Conformité des paiements : Principales réglementations et meilleures pratiques

Conformité des paiements : Principales réglementations et meilleures pratiques

Toute entreprise effectuant des transactions financières est soumise à des obligations de conformité. Transactions par carte, paiements en ligne, cryptomonnaies : quel que soit le canal, les règles s’appliquent, les sanctions sont réelles et les ignorer est rarement sans conséquences.

Ce qui rend la conformité aux réglementations de paiement difficile, ce n'est pas tant d'en connaître l'existence, mais plutôt de comprendre quelles réglementations s'appliquent à votre activité, comment elles interagissent et quelles sont les démarches concrètes à entreprendre. C'est précisément l'objet de ce guide.

Qu’est-ce que la conformité des paiements et pourquoi est-elle importante ?

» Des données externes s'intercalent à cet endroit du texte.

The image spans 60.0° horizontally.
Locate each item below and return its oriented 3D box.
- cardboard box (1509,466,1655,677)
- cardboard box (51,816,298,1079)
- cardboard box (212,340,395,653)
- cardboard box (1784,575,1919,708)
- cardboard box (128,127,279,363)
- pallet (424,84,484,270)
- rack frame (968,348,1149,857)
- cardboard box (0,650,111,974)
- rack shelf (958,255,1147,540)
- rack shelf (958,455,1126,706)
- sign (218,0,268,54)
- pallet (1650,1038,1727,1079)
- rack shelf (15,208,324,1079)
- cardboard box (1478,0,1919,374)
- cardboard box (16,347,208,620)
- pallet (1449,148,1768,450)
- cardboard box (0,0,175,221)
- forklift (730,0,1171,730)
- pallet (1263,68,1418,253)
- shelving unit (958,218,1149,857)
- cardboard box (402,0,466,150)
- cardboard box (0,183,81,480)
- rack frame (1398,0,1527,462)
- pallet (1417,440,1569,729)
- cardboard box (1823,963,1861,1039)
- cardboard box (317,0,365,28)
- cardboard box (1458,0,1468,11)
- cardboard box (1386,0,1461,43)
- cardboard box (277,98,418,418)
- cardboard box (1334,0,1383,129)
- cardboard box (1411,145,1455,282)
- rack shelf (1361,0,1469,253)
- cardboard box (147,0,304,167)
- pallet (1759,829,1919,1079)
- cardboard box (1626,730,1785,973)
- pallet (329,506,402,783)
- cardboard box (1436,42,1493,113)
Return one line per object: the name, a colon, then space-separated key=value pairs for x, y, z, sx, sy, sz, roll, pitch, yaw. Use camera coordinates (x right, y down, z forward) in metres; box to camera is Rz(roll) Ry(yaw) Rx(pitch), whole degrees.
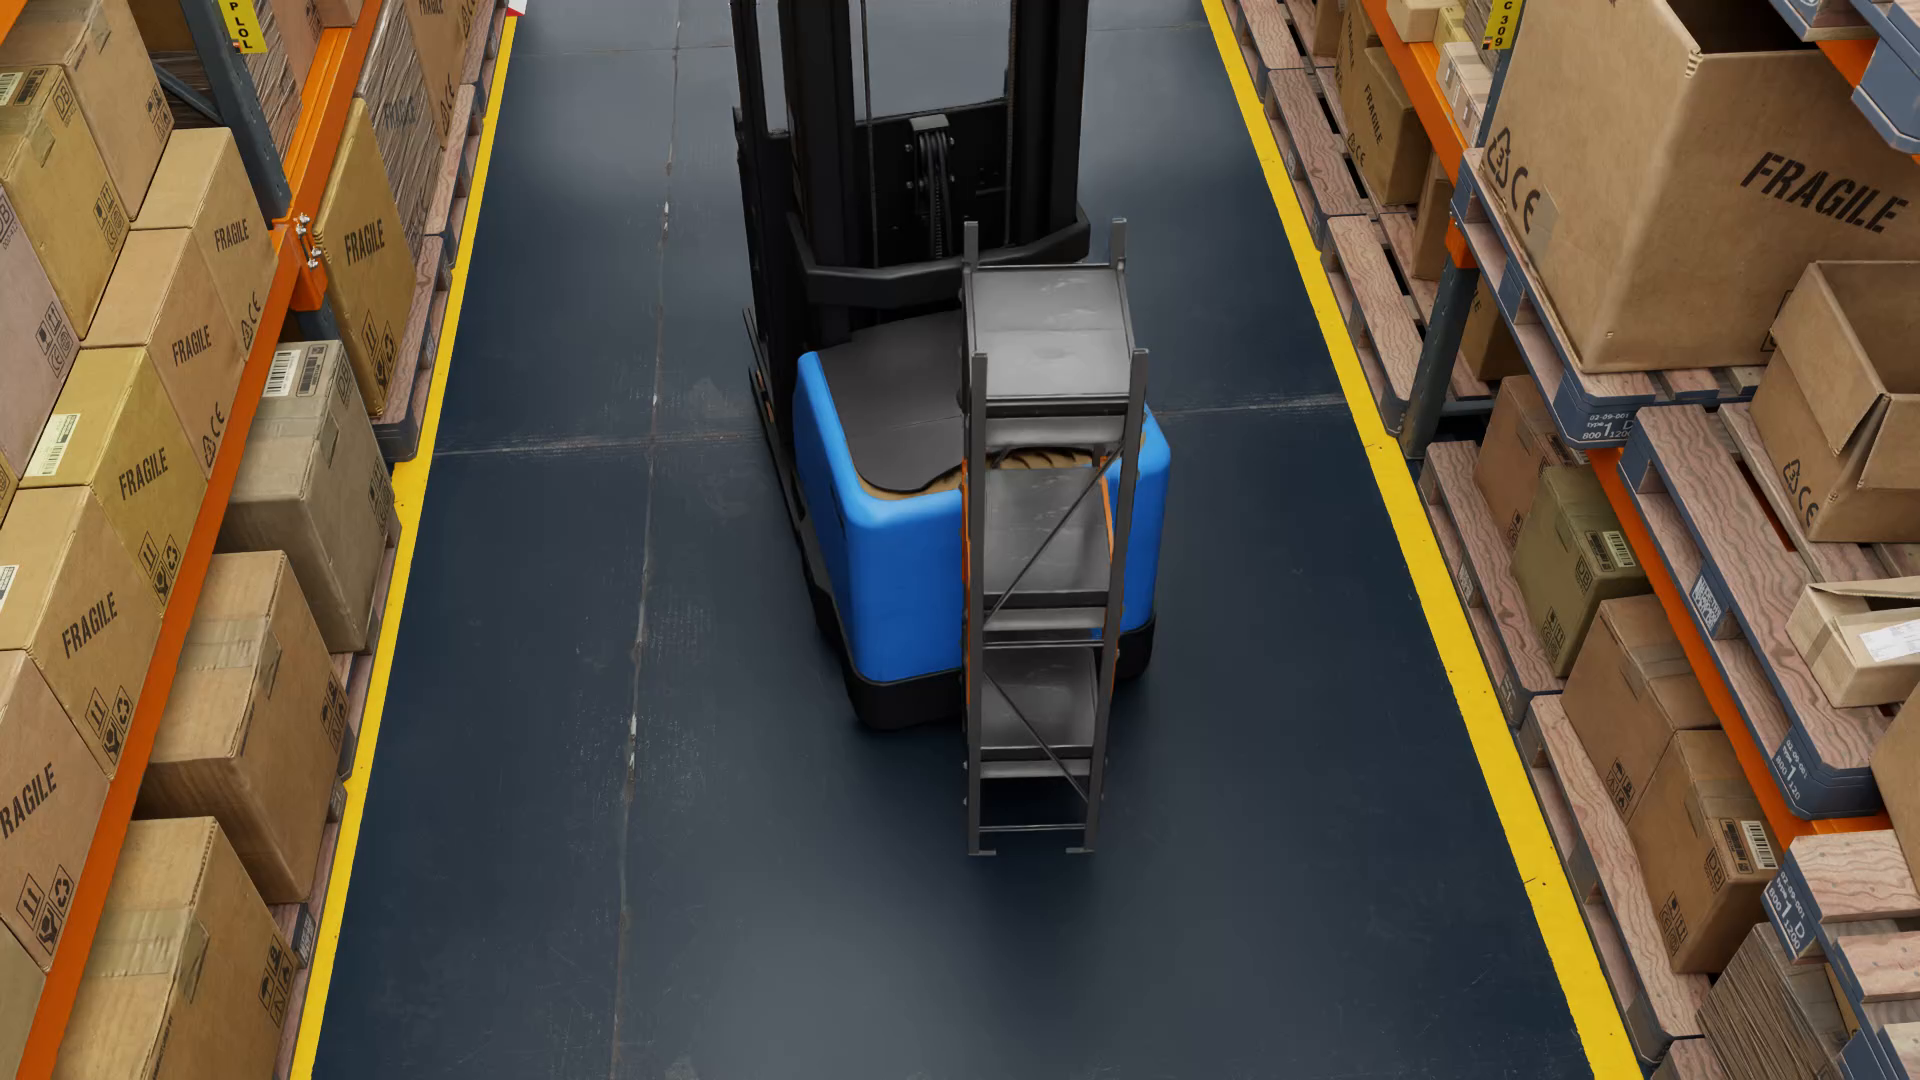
cardboard box: x=2.299 y=0.084 z=5.523 sx=0.700 sy=0.500 sz=0.500 roll=-4 pitch=47 yaw=-4
cardboard box: x=-2.406 y=1.257 z=4.254 sx=1.050 sy=0.750 sz=0.750 roll=-3 pitch=47 yaw=-3
cardboard box: x=-2.561 y=-0.115 z=5.553 sx=1.050 sy=0.750 sz=0.750 roll=-4 pitch=47 yaw=-3
cardboard box: x=2.174 y=0.189 z=3.808 sx=0.396 sy=0.266 sz=0.258 roll=-5 pitch=47 yaw=-4
cardboard box: x=-2.393 y=-0.861 z=4.931 sx=0.500 sy=0.500 sz=0.500 roll=-4 pitch=47 yaw=-4
pallet: x=-2.794 y=-1.669 z=7.685 sx=1.003 sy=0.211 sz=1.213 roll=-3 pitch=47 yaw=-3
rack frame: x=0.227 y=0.287 z=4.531 sx=0.400 sy=2.100 sz=0.015 roll=-1 pitch=47 yaw=-1
cardboard box: x=-2.224 y=0.598 z=3.549 sx=0.500 sy=0.500 sz=0.500 roll=-4 pitch=47 yaw=-3
rack shelf: x=0.218 y=-0.357 z=4.191 sx=0.431 sy=0.518 sz=0.480 roll=-1 pitch=47 yaw=-1
rack shelf: x=0.218 y=0.117 z=4.707 sx=0.431 sy=0.518 sz=0.480 roll=-1 pitch=47 yaw=-1
sign: x=-2.163 y=-1.599 z=4.955 sx=0.100 sy=0.325 sz=0.005 roll=-3 pitch=47 yaw=-3
pallet: x=2.519 y=1.871 z=4.332 sx=1.003 sy=0.211 sz=1.213 roll=-3 pitch=47 yaw=-3
rack shelf: x=-2.535 y=0.506 z=4.200 sx=1.077 sy=0.370 sz=4.000 roll=-3 pitch=47 yaw=-3
cardboard box: x=2.175 y=-1.184 z=4.603 sx=1.000 sy=1.000 sz=1.000 roll=-3 pitch=47 yaw=-3
cardboard box: x=-2.308 y=-0.130 z=4.238 sx=0.500 sy=0.500 sz=0.500 roll=-3 pitch=47 yaw=-3
pallet: x=2.167 y=-0.789 z=5.063 sx=1.003 sy=0.211 sz=1.213 roll=-3 pitch=47 yaw=-3
cardboard box: x=-2.655 y=-1.207 z=4.570 sx=0.700 sy=0.500 sz=0.500 roll=-4 pitch=47 yaw=-4
forklift: x=-0.222 y=-1.467 z=5.621 sx=1.130 sy=2.935 sz=3.031 roll=-11 pitch=48 yaw=-11
pallet: x=2.052 y=-1.826 z=7.834 sx=1.003 sy=0.211 sz=1.213 roll=-3 pitch=47 yaw=-3
shelving unit: x=0.218 y=0.108 z=4.697 sx=0.431 sy=2.100 sz=0.503 roll=-1 pitch=47 yaw=-1
cardboard box: x=-2.839 y=-2.373 z=7.605 sx=0.875 sy=0.875 sz=0.875 roll=-4 pitch=47 yaw=-4
cardboard box: x=-2.568 y=-0.470 z=3.871 sx=0.700 sy=0.500 sz=0.500 roll=-3 pitch=47 yaw=-3
rack frame: x=2.248 y=-1.416 z=5.525 sx=1.000 sy=3.000 sz=0.127 roll=-3 pitch=47 yaw=-3
pallet: x=2.315 y=0.106 z=6.004 sx=1.003 sy=0.211 sz=1.213 roll=-3 pitch=47 yaw=-3
cardboard box: x=2.443 y=1.062 z=4.080 sx=0.500 sy=0.250 sz=0.500 roll=1 pitch=47 yaw=1
cardboard box: x=-2.742 y=-2.300 z=6.259 sx=0.875 sy=0.550 sz=0.550 roll=-3 pitch=47 yaw=-3
cardboard box: x=2.265 y=-2.246 z=6.038 sx=0.875 sy=0.500 sz=0.500 roll=-3 pitch=47 yaw=-3
cardboard box: x=1.833 y=-2.008 z=6.258 sx=0.380 sy=0.149 sz=0.250 roll=-3 pitch=47 yaw=-3
cardboard box: x=-2.686 y=-1.061 z=6.363 sx=0.875 sy=0.875 sz=0.875 roll=-3 pitch=47 yaw=-3
cardboard box: x=2.067 y=-2.258 z=7.755 sx=0.500 sy=0.500 sz=0.500 roll=0 pitch=47 yaw=0
cardboard box: x=2.199 y=-1.407 z=6.949 sx=0.500 sy=0.500 sz=0.500 roll=10 pitch=47 yaw=9
rack shelf: x=2.081 y=-2.616 z=7.157 sx=1.077 sy=0.370 sz=4.000 roll=-3 pitch=47 yaw=-3
cardboard box: x=-2.746 y=-1.506 z=5.507 sx=0.875 sy=0.550 sz=0.550 roll=-3 pitch=47 yaw=-3
pallet: x=2.417 y=1.035 z=3.336 sx=1.213 sy=0.211 sz=1.003 roll=-3 pitch=47 yaw=-3
cardboard box: x=2.394 y=0.892 z=4.758 sx=0.700 sy=0.500 sz=0.500 roll=0 pitch=47 yaw=0
pallet: x=-2.563 y=0.325 z=5.797 sx=1.003 sy=0.211 sz=1.213 roll=-3 pitch=47 yaw=-3
cardboard box: x=1.926 y=-1.649 z=5.919 sx=0.380 sy=0.149 sz=0.250 roll=-3 pitch=47 yaw=-3

Demandez à cinq opérateurs de paiement différents ce que signifie « conformité des paiements » et vous obtiendrez probablement cinq réponses différentes. En pratique, cela englobe l'ensemble des règles régissant la collecte, le stockage, la transmission et le traitement des données de paiement par les entreprises. Ces règles existent car, en cas de dysfonctionnement des systèmes de paiement (fraude, blanchiment d'argent ou fuite de données), les conséquences se propagent rapidement et largement.

Les entreprises soumises à ces obligations comprennent pratiquement toutes celles qui manipulent de l'argent numériquement : les commerçants en ligne, les plateformes SaaS, les places de marché, les entreprises fintech et les vendeurs de cryptomonnaies. Aucune exception n'est prévue en fonction de la taille de l'entreprise. Une start-up de dix personnes est soumise aux mêmes exigences fondamentales qu'une grande entreprise.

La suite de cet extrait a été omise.